I am a Stranger to the Circumstances you mention respecting a new french Treaty; not having seen the extract of the Letter you put into the public papers. I wish you would explain it to me. If you get the Ships you have ordered from Martinique, in any short time, there can be no Danger of loading them, upon a Freight of 50 provided there is no Invasion or Convulsion in France; & of the latter there seems to be little Danger, but in Conjunction with the former, by some of the great Powers of Europe. You should endeavor to make some Provision, in the Number of Lie-days, in Case of the Ship's arriving late, & being detained by the Ice in the Rivers.
If you shou'd receive any Information respecting the Market for Wheat, I shou'd be glad to be advised of it. I read, with a great deal of Pleasure, the Account of the good Offices you have done the french Emigrants in Richmond; as it thoroughly marks that Benevolence, & Goodness of Heart, which I always highly valued in You; and which I had the Satisfaction of discovering, at a very early Period of your Life.

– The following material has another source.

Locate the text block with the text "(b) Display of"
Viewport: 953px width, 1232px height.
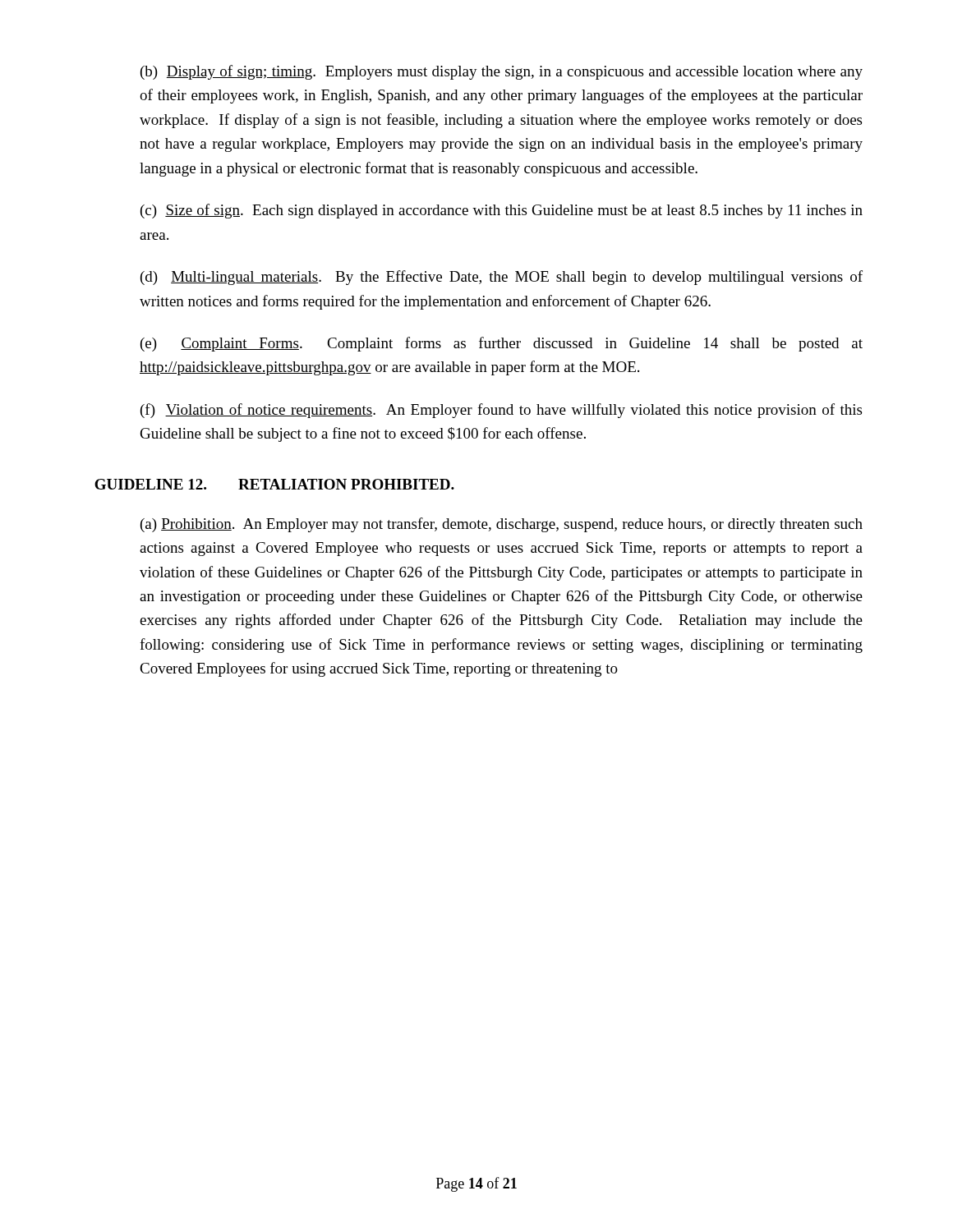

The Familys here, & at Lexington, are all well. Your Sister Johnson, & your Brother Thomson, & his Family, are now with us, upon a Visit; and all desire to be affectionately remembered to you. I expect your Brother George Home, in four or five days. He is said to have received great Benefit from the warm Sulphur Springs, and to be in better Health, than he has had at any time, for these dozen Years. I am picking up what Tobacco falls in my way at 12/6 upon Speculation, to keep 'til next Year; and shall also reserve my own Tobo. (except the 33 Hhds. which were ship'd Per the Washington) & buy my Family Goods with Cash; being convinced that Tobo. will be high next year; the last Crop being but a short one; and from the extreme Drought this Summer, there will be hardly any made this Year, in this Part of the Country. I wish you wou'd inform me, what is the general Opinion of the growing Crop of Tobo. upon James River, & Roanoke; and if you have any Accounts of it from the Southward, South Carolina & Georgia. The present Crop of Corn here will be extreamly short; fortunately I have Soo Bars. of old Corn bye me to Spare. I expect to see you in Richmond, in the Course of this Month; in the Mean time, let me hear from you, whenever your Leisure & Convenience will admit, and let me know whether you have met with the Civilities, I have Reason to expect you would find in Richmond. I am dear John Yr. affecte. Father
P. S. We have no Account yet of the Washington. I don't know in what Part of the Town Mrs. Younghusband's boarding House is; but I wou'd, by all Means, advise you to take Lodgings upon the Hill; for I know the vale under the Hill in Richmond to be, at this Season of the Year, the most sickly Hole in Virginia; Petersburg not excepted.